Segment Start: Information supplied
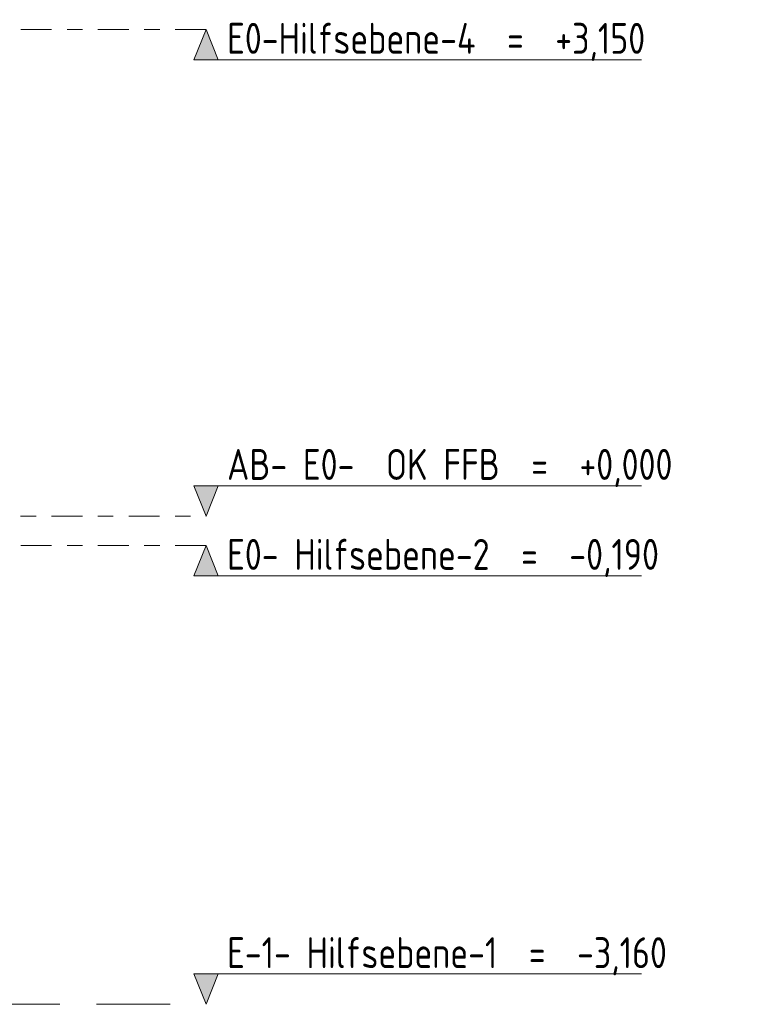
# Model space of a CAD drawing. Header units: metres. Extents: x -32 to 170, y -15 to 869.
# Tile 63 of 66: x 84.43 to 89.1, y -5.96 to 0.42. Entities that reach past the tile are written whole.
import ezdxf

# ---------------------------------------------------------------- set-up
doc = ezdxf.new("R2010")
doc.units = ezdxf.units.M
doc.linetypes.add('_Ebene_', pattern=[0.4, 0.2, -0.1, 0, -0.1])
doc.linetypes.add('Abgebrochen', pattern=[0.714375, 0.47625, -0.238125])
doc.layers.add('A_Ebenen', color=130, linetype='Continuous', lineweight=5)
doc.styles.add('ISOCPEUR', font='isocpeur.ttf', dxfattribs={"width": 0.8, "height": 0.2})

# ---------------------------------------------------------------- blocks, each defined once
blk = doc.blocks.new('Ebene - Rohbau-1046864-B')
at = {"layer": 'A_Ebenen'}
blk.add_hatch(color=256, dxfattribs=at).paths.add_polyline_path([(-23.5239, -2.5987), (-23.4445, -2.7951), (-23.3651, -2.5987)], flags=0)
at = {"layer": 'A_Ebenen', "color": 170, "lineweight": 9}
for p, q in [((-23.3651, -2.5987), (-26.2651, -2.5987)), ((-23.4445, -2.7951), (-23.5239, -2.5987)), ((-23.3651, -2.5987), (-23.4445, -2.7951))]:
    blk.add_line(p, q, dxfattribs=at)
at = {"layer": 'A_Ebenen', "color": 251, "lineweight": 9}
for p, q in [((-23.5239, -2.5987), (-23.3651, -2.5987)), ((-23.4445, -2.7951), (-23.5239, -2.5987)), ((-23.3651, -2.5987), (-23.4445, -2.7951))]:
    blk.add_line(p, q, dxfattribs=at)
blk = doc.blocks.new('Ebene - Rohbau-1168218-B')
at = {"layer": 'A_Ebenen'}
blk.add_hatch(color=256, dxfattribs=at).paths.add_polyline_path([(26.6356, 5.9485), (26.4769, 5.9485), (26.5562, 6.1449)], flags=0)
at = {"layer": 'A_Ebenen', "color": 251, "lineweight": 9}
for p, q in [((26.5562, 6.1449), (26.4769, 5.9485)), ((26.6356, 5.9485), (26.5562, 6.1449)), ((26.4769, 5.9485), (26.6356, 5.9485))]:
    blk.add_line(p, q, dxfattribs=at)
at = {"layer": 'A_Ebenen', "color": 170, "lineweight": 9}
blk.add_line((26.4769, 5.9485), (29.3769, 5.9485), dxfattribs=at)

msp = doc.modelspace()

# ---------------------------------------------------------------- linework, layer by layer
at = {"layer": 'A_Ebenen', "color": 170, "linetype": '_Ebene_', "lineweight": 9}
for p, q in [((85.6372, 0.3549), (35.6364, 0.3549)), ((35.6364, -2.7951), (85.6372, -2.7951)), ((85.6372, -2.9851), (35.6364, -2.9851))]:
    msp.add_line(p, q, dxfattribs=at)
at = {"layer": 'A_Ebenen', "color": 31, "linetype": 'Abgebrochen'}
msp.add_line((35.6364, -5.9551), (85.6372, -5.9551), dxfattribs=at)

# ---------------------------------------------------------------- block references
at = {"layer": 'A_Ebenen', "color": 251, "lineweight": 9}
for p in [(59.0809, -5.79), (59.0809, -9.13)]:
    msp.add_blockref('Ebene - Rohbau-1168218-B', p, dxfattribs=at)
at = {"layer": 'A_Ebenen', "color": 251, "lineweight": 9, "extrusion": (0, 0, -1)}
for p in [(-62.1927, 0), (-62.1927, -3.16)]:
    msp.add_blockref('Ebene - Rohbau-1046864-B', p, dxfattribs=at)

# ---------------------------------------------------------------- texts
at = {"layer": 'A_Ebenen', "color": 7, "char_height": 0.2, "attachment_point": 1, "style": 'ISOCPEUR'}
for s, insert, width in [('E0-Hilfsebene-4  =  +3,150', (85.7736, 0.3968), 3.347847), ('AB- E0-  OK FFB  =  +0,000', (85.7736, -2.3609), 3.559492), ('E0- Hilfsebene-2  =  -0,190', (85.7736, -2.9432), 3.450463), ('E-1- Hilfsebene-1  =  -3,160', (85.7736, -5.5209), 3.501771)]:
    msp.add_mtext(s, dxfattribs=dict(at, insert=insert, width=width))

doc.saveas('drawing.dxf')
Segment End: Information supplied
Exercise prompt – Once you find the line with "layer by layer" in the entries above, output it and each line after it up to and including the line with "(85.6372, -5.9551), dxfattribs=at)", and nothing else.

Output of the exercise –
# ---------------------------------------------------------------- linework, layer by layer
at = {"layer": 'A_Ebenen', "color": 170, "linetype": '_Ebene_', "lineweight": 9}
for p, q in [((85.6372, 0.3549), (35.6364, 0.3549)), ((35.6364, -2.7951), (85.6372, -2.7951)), ((85.6372, -2.9851), (35.6364, -2.9851))]:
    msp.add_line(p, q, dxfattribs=at)
at = {"layer": 'A_Ebenen', "color": 31, "linetype": 'Abgebrochen'}
msp.add_line((35.6364, -5.9551), (85.6372, -5.9551), dxfattribs=at)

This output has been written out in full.